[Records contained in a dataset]

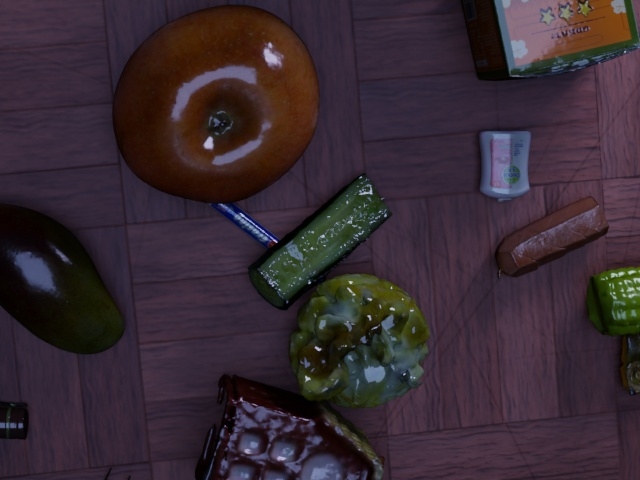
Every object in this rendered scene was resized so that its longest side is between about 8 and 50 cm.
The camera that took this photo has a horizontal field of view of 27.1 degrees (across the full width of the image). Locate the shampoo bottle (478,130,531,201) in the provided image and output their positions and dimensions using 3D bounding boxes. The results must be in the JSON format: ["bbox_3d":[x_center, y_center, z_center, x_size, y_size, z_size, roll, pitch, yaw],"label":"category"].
[{"bbox_3d":[0.253,-0.102,1.833,0.072,0.043,0.099,0,95,-5],"label":"shampoo bottle"}]

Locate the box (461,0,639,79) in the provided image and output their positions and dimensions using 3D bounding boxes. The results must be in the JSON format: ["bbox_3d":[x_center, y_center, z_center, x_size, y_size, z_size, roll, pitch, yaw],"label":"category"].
[{"bbox_3d":[0.296,-0.291,1.742,0.177,0.195,0.148,-13,96,-5],"label":"box"}]

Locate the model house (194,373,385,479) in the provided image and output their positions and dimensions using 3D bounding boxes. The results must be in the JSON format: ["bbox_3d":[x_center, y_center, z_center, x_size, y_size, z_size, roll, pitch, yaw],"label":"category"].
[{"bbox_3d":[-0.029,0.287,1.771,0.254,0.196,0.160,11,93,-7],"label":"model house"}]

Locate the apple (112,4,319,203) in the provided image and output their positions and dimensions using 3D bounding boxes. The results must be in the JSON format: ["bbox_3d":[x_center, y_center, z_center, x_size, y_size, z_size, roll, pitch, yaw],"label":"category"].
[{"bbox_3d":[-0.133,-0.171,1.712,0.272,0.206,0.251,-13,100,-5],"label":"apple"}]

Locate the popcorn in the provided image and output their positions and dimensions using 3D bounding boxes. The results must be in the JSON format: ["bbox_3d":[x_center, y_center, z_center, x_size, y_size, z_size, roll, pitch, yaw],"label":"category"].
[{"bbox_3d":[0.045,0.144,1.768,0.198,0.212,0.198,6,104,27],"label":"popcorn"}]

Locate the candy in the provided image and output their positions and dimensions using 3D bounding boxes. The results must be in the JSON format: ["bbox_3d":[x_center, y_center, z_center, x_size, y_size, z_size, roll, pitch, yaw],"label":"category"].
[{"bbox_3d":[0.474,0.081,1.850,0.209,0.097,0.096,-4,96,-13],"label":"candy"}]

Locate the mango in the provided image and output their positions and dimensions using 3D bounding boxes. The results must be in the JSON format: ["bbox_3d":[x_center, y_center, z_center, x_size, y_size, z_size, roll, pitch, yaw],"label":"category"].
[{"bbox_3d":[-0.366,0.047,1.759,0.267,0.111,0.133,44,79,-13],"label":"mango"}]

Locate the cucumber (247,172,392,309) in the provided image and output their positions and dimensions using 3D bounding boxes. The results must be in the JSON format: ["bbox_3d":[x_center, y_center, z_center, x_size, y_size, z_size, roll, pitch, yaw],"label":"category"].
[{"bbox_3d":[0.000,0.002,1.803,0.211,0.062,0.078,-41,95,-20],"label":"cucumber"}]

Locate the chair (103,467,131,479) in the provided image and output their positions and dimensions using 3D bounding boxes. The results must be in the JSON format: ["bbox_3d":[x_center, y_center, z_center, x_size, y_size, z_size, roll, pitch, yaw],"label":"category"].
[{"bbox_3d":[-0.290,0.353,1.836,0.037,0.042,0.086,24,129,-6],"label":"chair"}]

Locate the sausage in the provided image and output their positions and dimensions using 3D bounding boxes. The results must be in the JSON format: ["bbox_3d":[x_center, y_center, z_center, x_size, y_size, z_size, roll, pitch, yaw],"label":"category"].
[{"bbox_3d":[0.311,0.000,1.841,0.169,0.065,0.065,-26,97,-3],"label":"sausage"}]

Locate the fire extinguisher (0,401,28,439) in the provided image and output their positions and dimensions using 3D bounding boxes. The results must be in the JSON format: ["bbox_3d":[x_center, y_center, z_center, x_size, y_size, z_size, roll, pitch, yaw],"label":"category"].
[{"bbox_3d":[-0.477,0.244,1.801,0.158,0.043,0.064,3,65,-6],"label":"fire extinguisher"}]

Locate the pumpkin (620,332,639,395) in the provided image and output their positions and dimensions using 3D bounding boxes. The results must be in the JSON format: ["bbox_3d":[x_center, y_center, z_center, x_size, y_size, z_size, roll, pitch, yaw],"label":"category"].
[{"bbox_3d":[0.460,0.173,1.887,0.073,0.035,0.101,-2,93,-16],"label":"pumpkin"}]

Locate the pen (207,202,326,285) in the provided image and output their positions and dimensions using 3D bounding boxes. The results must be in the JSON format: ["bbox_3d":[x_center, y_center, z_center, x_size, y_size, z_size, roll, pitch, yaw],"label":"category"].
[{"bbox_3d":[-0.077,-0.004,1.822,0.204,0.025,0.025,38,91,-8],"label":"pen"}]
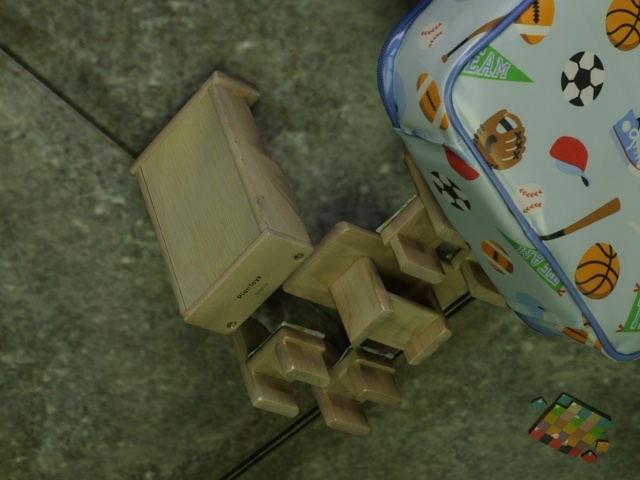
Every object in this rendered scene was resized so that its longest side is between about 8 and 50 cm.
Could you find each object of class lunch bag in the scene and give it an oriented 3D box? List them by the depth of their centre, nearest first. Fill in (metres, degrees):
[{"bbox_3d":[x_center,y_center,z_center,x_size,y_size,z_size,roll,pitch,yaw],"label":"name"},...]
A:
[{"bbox_3d":[0.195,-0.080,1.327,0.243,0.115,0.303,-45,122,-15],"label":"lunch bag"}]

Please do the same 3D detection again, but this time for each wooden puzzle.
[{"bbox_3d":[0.206,0.154,1.592,0.083,0.006,0.049,28,120,-18],"label":"wooden puzzle"}]

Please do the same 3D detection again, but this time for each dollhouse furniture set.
[{"bbox_3d":[0.000,0.000,1.438,0.242,0.161,0.212,21,125,-40],"label":"dollhouse furniture set"}]
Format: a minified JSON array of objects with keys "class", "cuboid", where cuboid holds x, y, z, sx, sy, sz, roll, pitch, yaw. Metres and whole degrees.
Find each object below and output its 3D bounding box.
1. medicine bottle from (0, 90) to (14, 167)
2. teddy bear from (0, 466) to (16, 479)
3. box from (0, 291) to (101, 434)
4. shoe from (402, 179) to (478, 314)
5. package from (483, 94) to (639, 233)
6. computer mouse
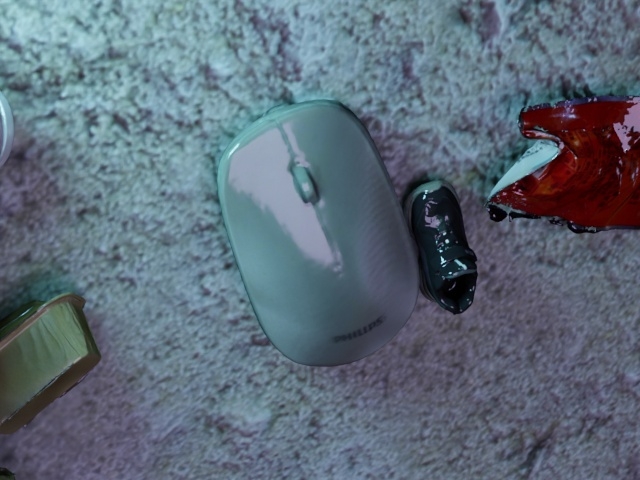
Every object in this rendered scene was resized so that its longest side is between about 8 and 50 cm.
[{"class":"medicine bottle","cuboid":[-0.392,-0.103,1.446,0.215,0.135,0.135,-5,123,-52]},{"class":"teddy bear","cuboid":[-0.384,0.359,1.666,0.267,0.256,0.156,-48,128,8]},{"class":"box","cuboid":[-0.314,0.126,1.657,0.177,0.111,0.111,-39,124,1]},{"class":"shoe","cuboid":[0.146,0.017,1.781,0.071,0.099,0.169,-17,122,-9]},{"class":"package","cuboid":[0.315,-0.089,1.813,0.269,0.071,0.194,3,130,-28]},{"class":"computer mouse","cuboid":[0.002,0.002,1.723,0.197,0.095,0.331,-29,124,-10]}]
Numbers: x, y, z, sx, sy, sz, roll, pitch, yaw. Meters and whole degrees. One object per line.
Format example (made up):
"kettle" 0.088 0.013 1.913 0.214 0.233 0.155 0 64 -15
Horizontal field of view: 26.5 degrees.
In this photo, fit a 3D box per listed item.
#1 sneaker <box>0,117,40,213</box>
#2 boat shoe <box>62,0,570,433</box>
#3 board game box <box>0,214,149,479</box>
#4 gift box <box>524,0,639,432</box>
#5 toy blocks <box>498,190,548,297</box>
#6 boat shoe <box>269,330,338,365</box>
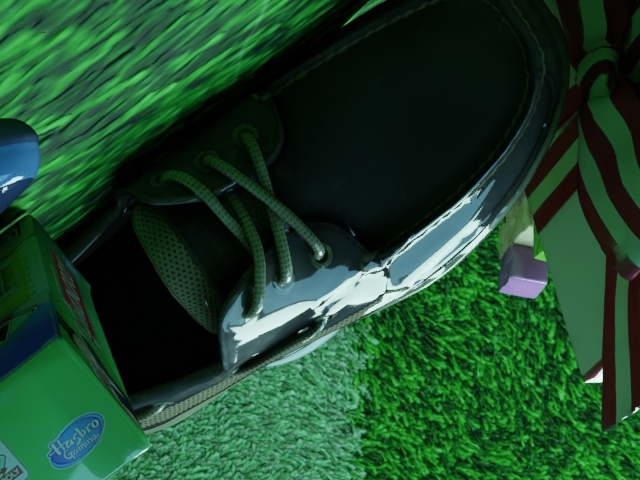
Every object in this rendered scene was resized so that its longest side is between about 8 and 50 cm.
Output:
"sneaker" -0.132 0.020 0.391 0.144 0.059 0.053 -39 175 5
"boat shoe" -0.031 0.006 0.659 0.355 0.132 0.130 -40 176 25
"board game box" -0.209 0.118 0.462 0.317 0.046 0.213 -37 -164 -5
"gift box" 0.229 -0.057 0.699 0.258 0.255 0.276 2 143 -22
"toy blocks" 0.268 -0.103 1.409 0.288 0.309 0.260 123 -24 -57
"boat shoe" 0.000 0.000 1.283 0.335 0.121 0.119 -51 163 28
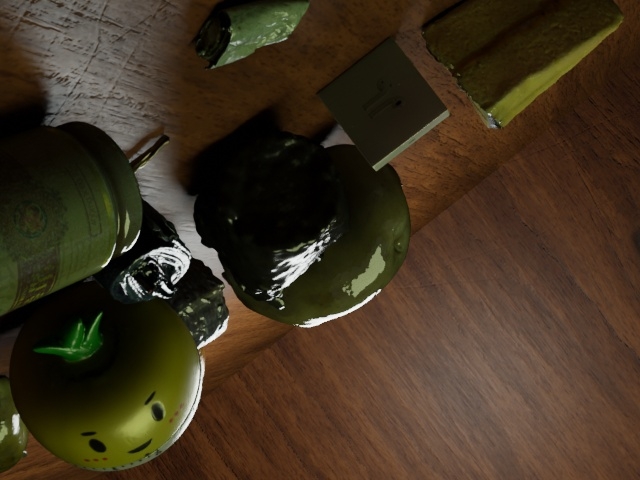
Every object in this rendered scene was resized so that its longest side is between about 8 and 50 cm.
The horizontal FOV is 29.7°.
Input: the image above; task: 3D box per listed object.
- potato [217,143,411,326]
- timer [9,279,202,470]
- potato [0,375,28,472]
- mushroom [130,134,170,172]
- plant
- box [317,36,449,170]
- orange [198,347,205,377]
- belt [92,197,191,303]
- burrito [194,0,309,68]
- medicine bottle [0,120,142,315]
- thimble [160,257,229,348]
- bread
[{"bbox_3d":[0.000,0.000,1.904,0.326,0.243,0.221,-40,179,13],"label":"potato"},{"bbox_3d":[-0.306,0.165,1.640,0.285,0.285,0.285,-35,170,-7],"label":"timer"},{"bbox_3d":[-0.536,0.322,1.959,0.160,0.111,0.271,-35,171,-21],"label":"potato"},{"bbox_3d":[-0.288,-0.032,1.417,0.286,0.026,0.028,-40,-174,9],"label":"mushroom"},{"bbox_3d":[-0.062,-0.036,1.666,0.188,0.199,0.276,-39,173,-16],"label":"plant"},{"bbox_3d":[0.087,-0.187,1.665,0.129,0.130,0.051,-38,172,6],"label":"box"},{"bbox_3d":[-0.303,0.216,2.062,0.219,0.193,0.219,-49,-178,3],"label":"orange"},{"bbox_3d":[-0.231,0.023,1.538,0.122,0.128,0.218,-42,172,-3],"label":"belt"},{"bbox_3d":[-0.067,-0.218,1.231,0.118,0.044,0.074,-27,164,-34],"label":"burrito"},{"bbox_3d":[-0.320,0.002,1.064,0.322,0.151,0.151,-27,167,-44],"label":"medicine bottle"},{"bbox_3d":[-0.219,0.099,1.893,0.098,0.150,0.150,-29,168,-36],"label":"thimble"},{"bbox_3d":[0.293,-0.308,1.743,0.264,0.167,0.163,-42,169,9],"label":"bread"}]
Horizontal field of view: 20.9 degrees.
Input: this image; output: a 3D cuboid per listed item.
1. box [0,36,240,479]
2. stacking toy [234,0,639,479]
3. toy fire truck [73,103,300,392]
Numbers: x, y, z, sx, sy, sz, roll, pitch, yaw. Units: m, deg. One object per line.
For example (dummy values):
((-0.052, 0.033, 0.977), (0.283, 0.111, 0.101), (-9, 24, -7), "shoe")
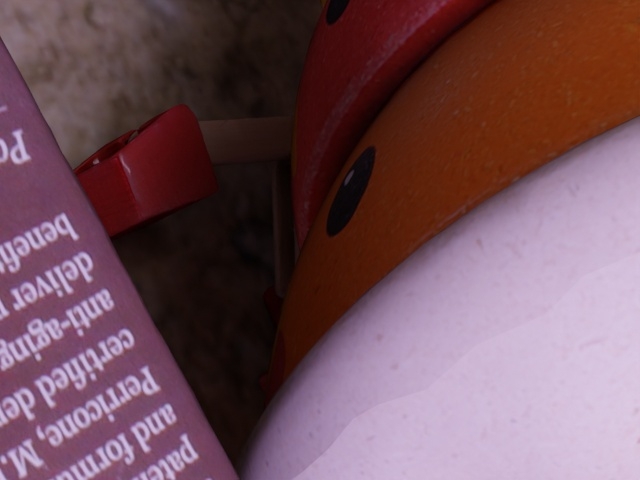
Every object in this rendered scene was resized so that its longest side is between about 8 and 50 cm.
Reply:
((-0.151, 0.033, 0.404), (0.143, 0.191, 0.381), (-29, 93, -47), "box")
((0.106, -0.078, 0.619), (0.350, 0.350, 0.480), (22, 38, -36), "stacking toy")
((0.000, 0.000, 0.669), (0.192, 0.047, 0.135), (-28, 93, -47), "toy fire truck")
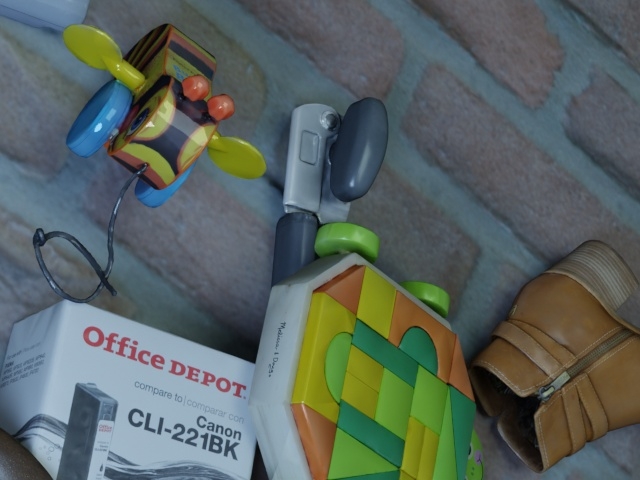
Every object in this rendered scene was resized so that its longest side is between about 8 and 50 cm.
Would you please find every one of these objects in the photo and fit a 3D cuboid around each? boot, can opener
[{"bbox_3d":[0.284,0.158,1.875,0.220,0.109,0.283,-42,99,-37],"label":"boot"},{"bbox_3d":[0.000,0.000,1.746,0.074,0.093,0.280,17,72,-31],"label":"can opener"}]

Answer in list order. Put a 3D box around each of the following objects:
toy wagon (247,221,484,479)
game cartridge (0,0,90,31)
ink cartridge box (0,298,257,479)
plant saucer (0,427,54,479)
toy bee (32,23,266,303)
[{"bbox_3d":[0.062,0.155,1.682,0.344,0.068,0.267,37,56,-44],"label":"toy wagon"},{"bbox_3d":[-0.278,-0.344,1.675,0.198,0.062,0.297,19,66,-34],"label":"game cartridge"},{"bbox_3d":[-0.169,0.207,1.546,0.197,0.114,0.273,22,64,-27],"label":"ink cartridge box"},{"bbox_3d":[-0.322,0.257,1.383,0.310,0.050,0.310,2,73,-7],"label":"plant saucer"},{"bbox_3d":[-0.120,-0.092,1.584,0.195,0.162,0.298,23,41,-37],"label":"toy bee"}]
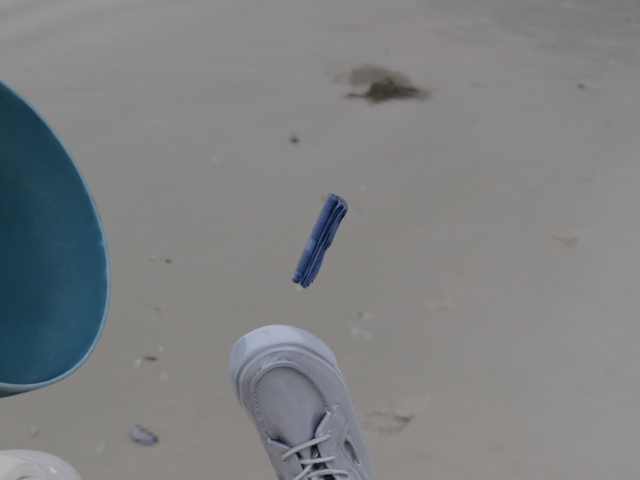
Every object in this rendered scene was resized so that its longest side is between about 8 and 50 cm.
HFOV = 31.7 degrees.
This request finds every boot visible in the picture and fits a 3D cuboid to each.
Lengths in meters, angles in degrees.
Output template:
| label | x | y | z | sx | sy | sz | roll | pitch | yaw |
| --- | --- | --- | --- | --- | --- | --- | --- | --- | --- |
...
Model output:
| label | x | y | z | sx | sy | sz | roll | pitch | yaw |
| --- | --- | --- | --- | --- | --- | --- | --- | --- | --- |
| boot | 0.004 | 0.187 | 0.970 | 0.095 | 0.258 | 0.123 | -27 | 44 | 3 |

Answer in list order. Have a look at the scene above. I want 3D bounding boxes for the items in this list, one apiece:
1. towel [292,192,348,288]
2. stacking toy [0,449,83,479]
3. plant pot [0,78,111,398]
| label | x | y | z | sx | sy | sz | roll | pitch | yaw |
| --- | --- | --- | --- | --- | --- | --- | --- | --- | --- |
| towel | 0.000 | 0.000 | 1.415 | 0.029 | 0.119 | 0.067 | 23 | 9 | -3 |
| stacking toy | -0.329 | 0.485 | 1.132 | 0.350 | 0.480 | 0.350 | -18 | 15 | 5 |
| plant pot | -0.346 | 0.014 | 0.944 | 0.195 | 0.290 | 0.290 | -23 | 13 | 25 |
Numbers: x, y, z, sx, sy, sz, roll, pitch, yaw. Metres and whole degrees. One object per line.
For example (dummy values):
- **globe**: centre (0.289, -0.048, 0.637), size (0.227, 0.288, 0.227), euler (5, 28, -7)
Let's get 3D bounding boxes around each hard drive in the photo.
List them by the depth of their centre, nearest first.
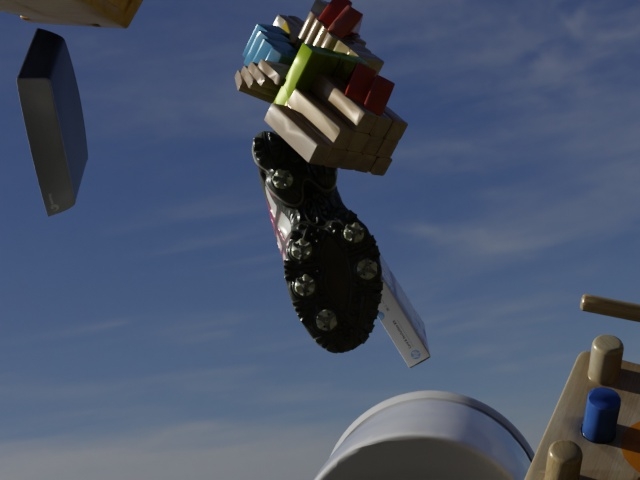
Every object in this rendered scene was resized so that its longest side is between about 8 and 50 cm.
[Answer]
- **hard drive**: centre (-0.414, -0.183, 1.868), size (0.054, 0.172, 0.254), euler (-1, -51, 2)

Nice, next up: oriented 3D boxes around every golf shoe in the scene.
- **golf shoe**: centre (0.000, 0.000, 1.329), size (0.105, 0.272, 0.120), euler (-13, -19, -6)

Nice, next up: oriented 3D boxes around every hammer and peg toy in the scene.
- **hammer and peg toy**: centre (0.393, 0.208, 1.364), size (0.266, 0.361, 0.127), euler (14, -50, 20)

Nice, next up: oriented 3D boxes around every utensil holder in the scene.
- **utensil holder**: centre (0.135, 0.376, 1.548), size (0.328, 0.327, 0.385), euler (-14, -3, 9)

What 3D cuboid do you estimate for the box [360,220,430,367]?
- **box**: centre (0.091, 0.073, 1.689), size (0.038, 0.186, 0.145), euler (-31, 12, 9)

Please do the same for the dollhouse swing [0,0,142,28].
- **dollhouse swing**: centre (-0.462, -0.569, 2.079), size (0.315, 0.304, 0.347), euler (8, -5, 21)

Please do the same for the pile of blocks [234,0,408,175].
- **pile of blocks**: centre (-0.006, -0.200, 1.277), size (0.149, 0.362, 0.112), euler (19, -67, -22)
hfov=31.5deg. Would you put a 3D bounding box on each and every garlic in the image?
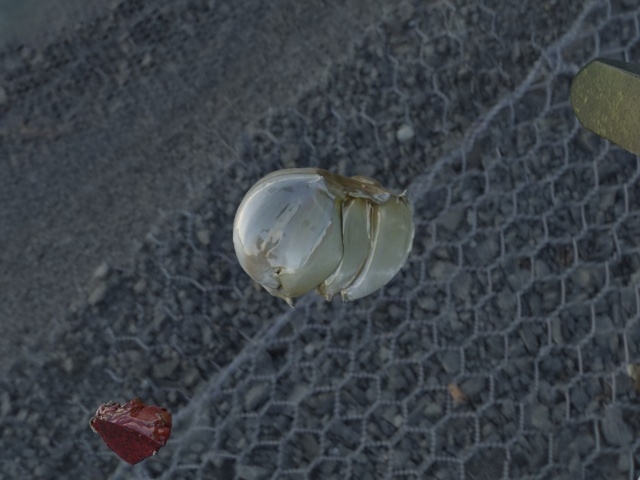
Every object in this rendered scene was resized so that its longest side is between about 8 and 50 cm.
[{"bbox_3d":[-0.015,-0.005,1.611,0.184,0.281,0.203,23,104,36],"label":"garlic"}]

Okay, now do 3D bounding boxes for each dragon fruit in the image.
[{"bbox_3d":[-0.281,0.269,1.700,0.106,0.162,0.083,34,63,-10],"label":"dragon fruit"}]

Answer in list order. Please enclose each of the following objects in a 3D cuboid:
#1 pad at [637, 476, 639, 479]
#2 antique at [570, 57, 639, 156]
[{"bbox_3d":[0.299,0.092,0.853,0.004,0.156,0.232,34,46,18],"label":"pad"},{"bbox_3d":[0.352,-0.151,1.273,0.080,0.221,0.081,6,106,-16],"label":"antique"}]
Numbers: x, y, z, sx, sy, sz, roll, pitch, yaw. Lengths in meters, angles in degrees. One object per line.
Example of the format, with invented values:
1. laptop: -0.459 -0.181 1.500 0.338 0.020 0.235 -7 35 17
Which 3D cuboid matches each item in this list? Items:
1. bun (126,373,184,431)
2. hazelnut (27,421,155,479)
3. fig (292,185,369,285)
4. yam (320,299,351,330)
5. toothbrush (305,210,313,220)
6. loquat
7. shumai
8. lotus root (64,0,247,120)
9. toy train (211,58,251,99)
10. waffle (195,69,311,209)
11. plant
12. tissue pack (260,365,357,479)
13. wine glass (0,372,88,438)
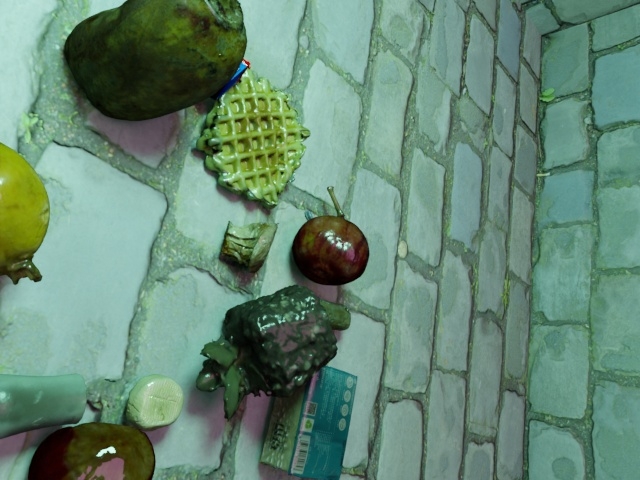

◆ **Work instructions**: Across all the entries above, how many lines have the word "Lengths" in them? Only the number, please.

◆ **Finished task**: 2